As Belgium are travelling with a shadow squad their support staff will be more recognisable to most Irish fans than their players. Anthony Barry makes an immediate return to Lansdowne Road just weeks after he left Stephen Kenny's backroom team to take up a similar role with Belgium. Sitting alongside Barry in the away dugout will be his fellow coaches including former Arsenal greats Thomas Vermaelen and Thierry Henry whose infamous handball remains one of the most controversial moments in the history of Irish soccer.

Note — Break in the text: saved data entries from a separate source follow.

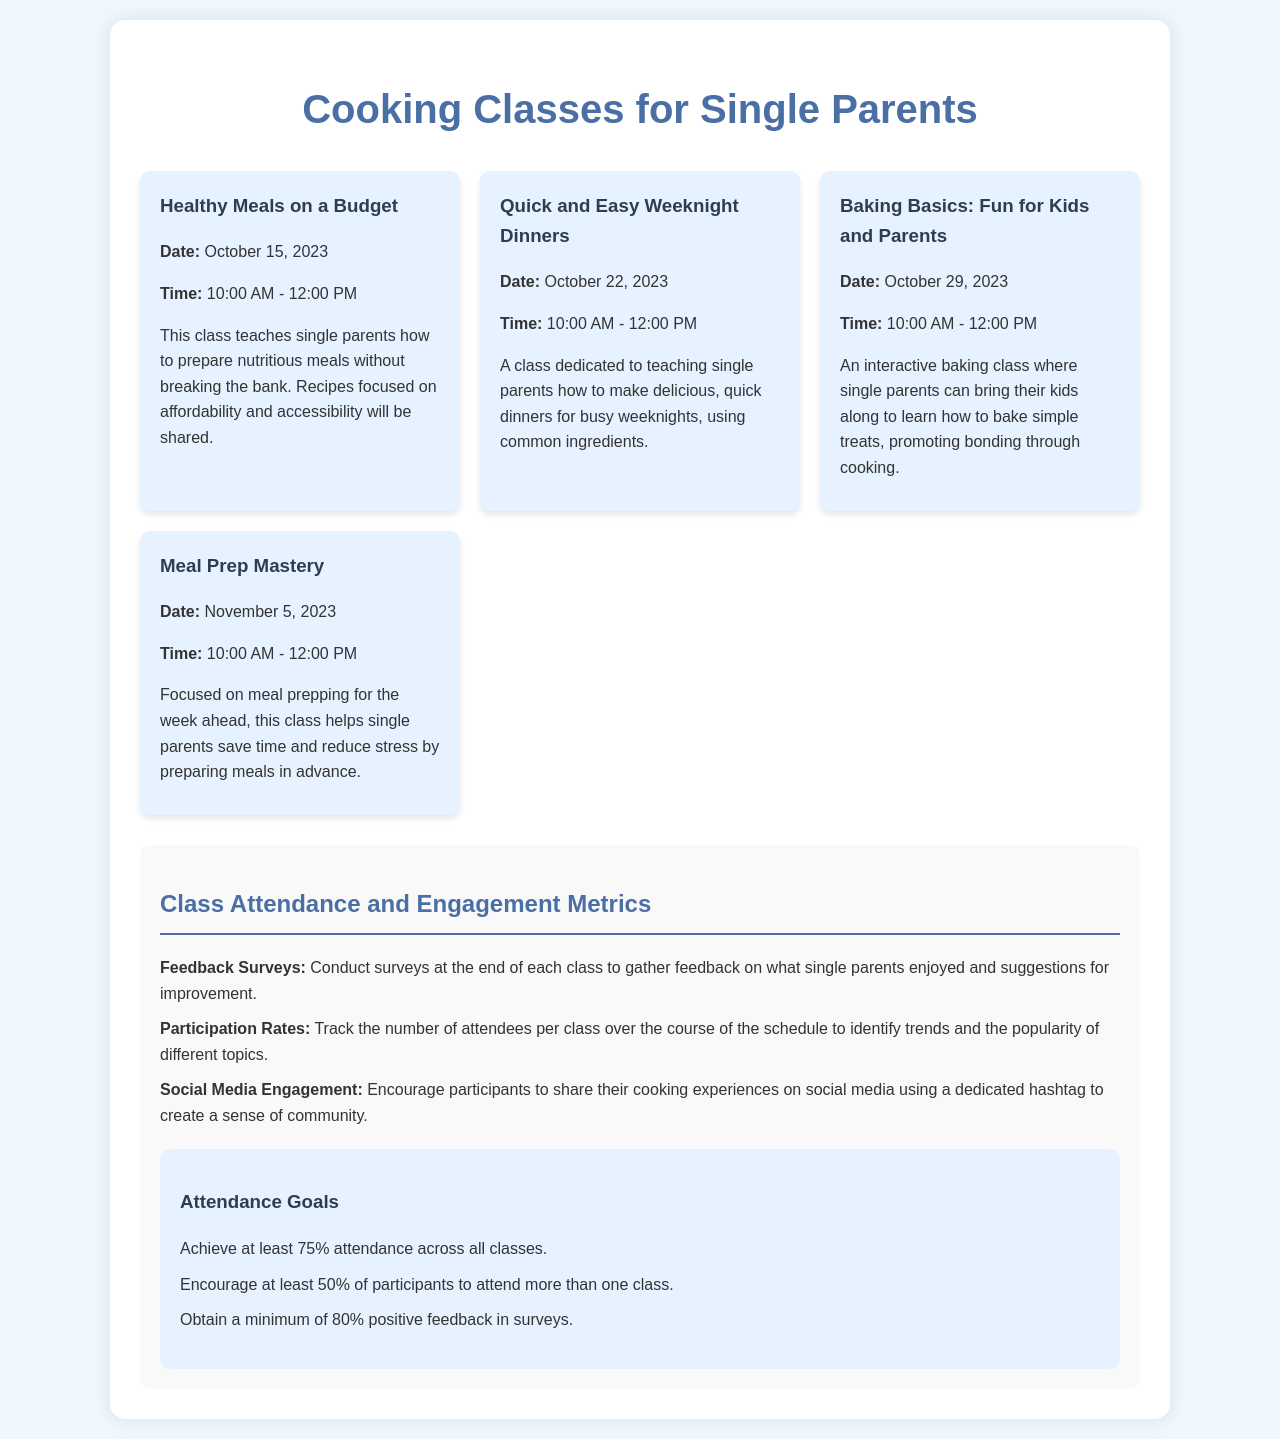What is the date of the first class? The first class is "Healthy Meals on a Budget," which is scheduled for October 15, 2023.
Answer: October 15, 2023 What class teaches quick weeknight dinners? The class dedicated to teaching quick dinners is titled "Quick and Easy Weeknight Dinners."
Answer: Quick and Easy Weeknight Dinners How long does each class last? Each class is scheduled for a duration from 10:00 AM to 12:00 PM, which is 2 hours.
Answer: 2 hours What is the minimum positive feedback percentage goal? The document specifies obtaining a minimum of 80% positive feedback in surveys as a goal.
Answer: 80% Which class focuses on meal prepping? The class that focuses on meal prepping is titled "Meal Prep Mastery."
Answer: Meal Prep Mastery What percentage of participants are encouraged to attend more than one class? The document states that at least 50% of participants are encouraged to attend more than one class.
Answer: 50% What is the feedback method mentioned? The document mentions conducting surveys at the end of each class for feedback.
Answer: Surveys How many classes are listed in the schedule? The schedule lists a total of four cooking classes for single parents.
Answer: Four 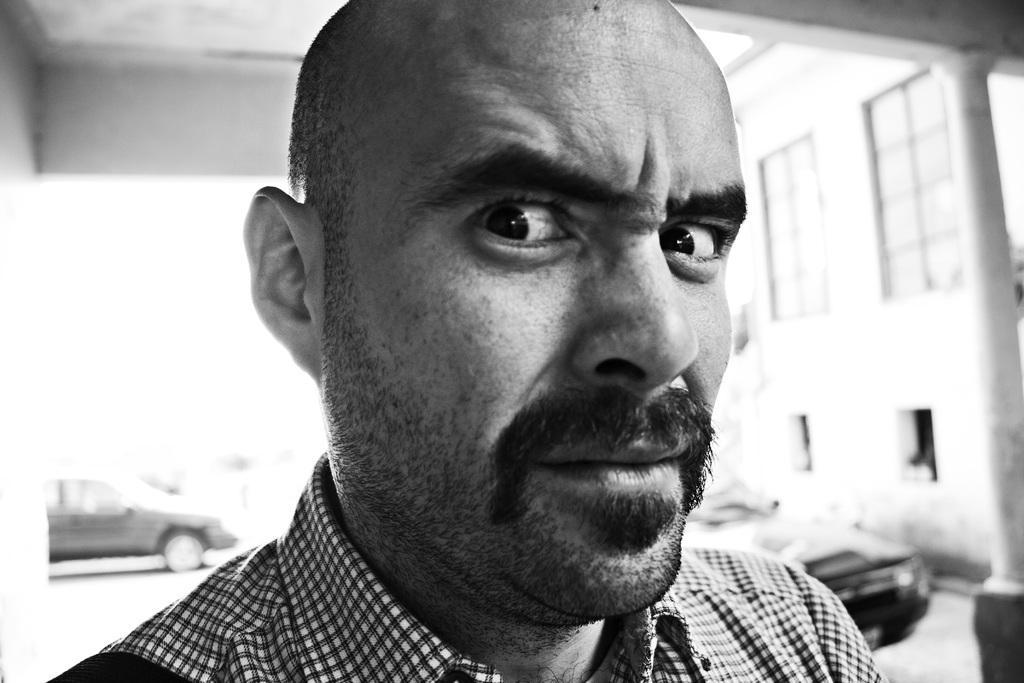Could you give a brief overview of what you see in this image? This picture shows a man standing and we see a building and couple of cars.

Belgium's team is likely to include a number of hugely underrated Premier League players including Leandro Trossard (Brighton), Leander Dendoncker (Wolves) and Youri Tielemans and Timothy Castagne (both Leicester City). However the outstanding emerging talent remains teenager Jérémy Doku (Rennes) who on his last visit to Dublin in May 2019 put in an exceptional performance at Tallaght Stadium to eliminate Ireland from the European Under-17 Championships that they were hosting.

But perhaps it is oddly appropriate that Belgium have left all of their most celebrated faces at home. After all Belgium’s most famous player never won an international cap and is world famous for a single victory that he secured while wearing a suit and tie.

In 1990 Jean-Marc Bosman wished to move to Dunkirk but his club RFC Liège demanded a fee of £500,000 even though his contract had expired. Bosman went to the European Court of Justice who in a landmark ruling decided that out-of-contract players in the European Union had the right to move clubs without a transfer fee. Sadly the only footballer who didn't benefit from the Bosman ruling was Bosman himself as his five-year fight against football's powerful governing bodies left him penniless, depressed and an alcoholic. Most of the damages awarded to Bosman went to pay his lawyers with the rest being invested disastrously in a T-shirt business.

Bosman hoped that footballers suitably grateful for the incredible wealth that he had generated for them would buy his Who’s the Boz T-shirts but only one was ever sold – purchased by the son of one of his lawyers. A philosophical Bosman later said: “I must be Belgium’s most famous football player but nobody knows who I am.”

James McDermott is a UCD law lecturer and a fervent soccer supporter.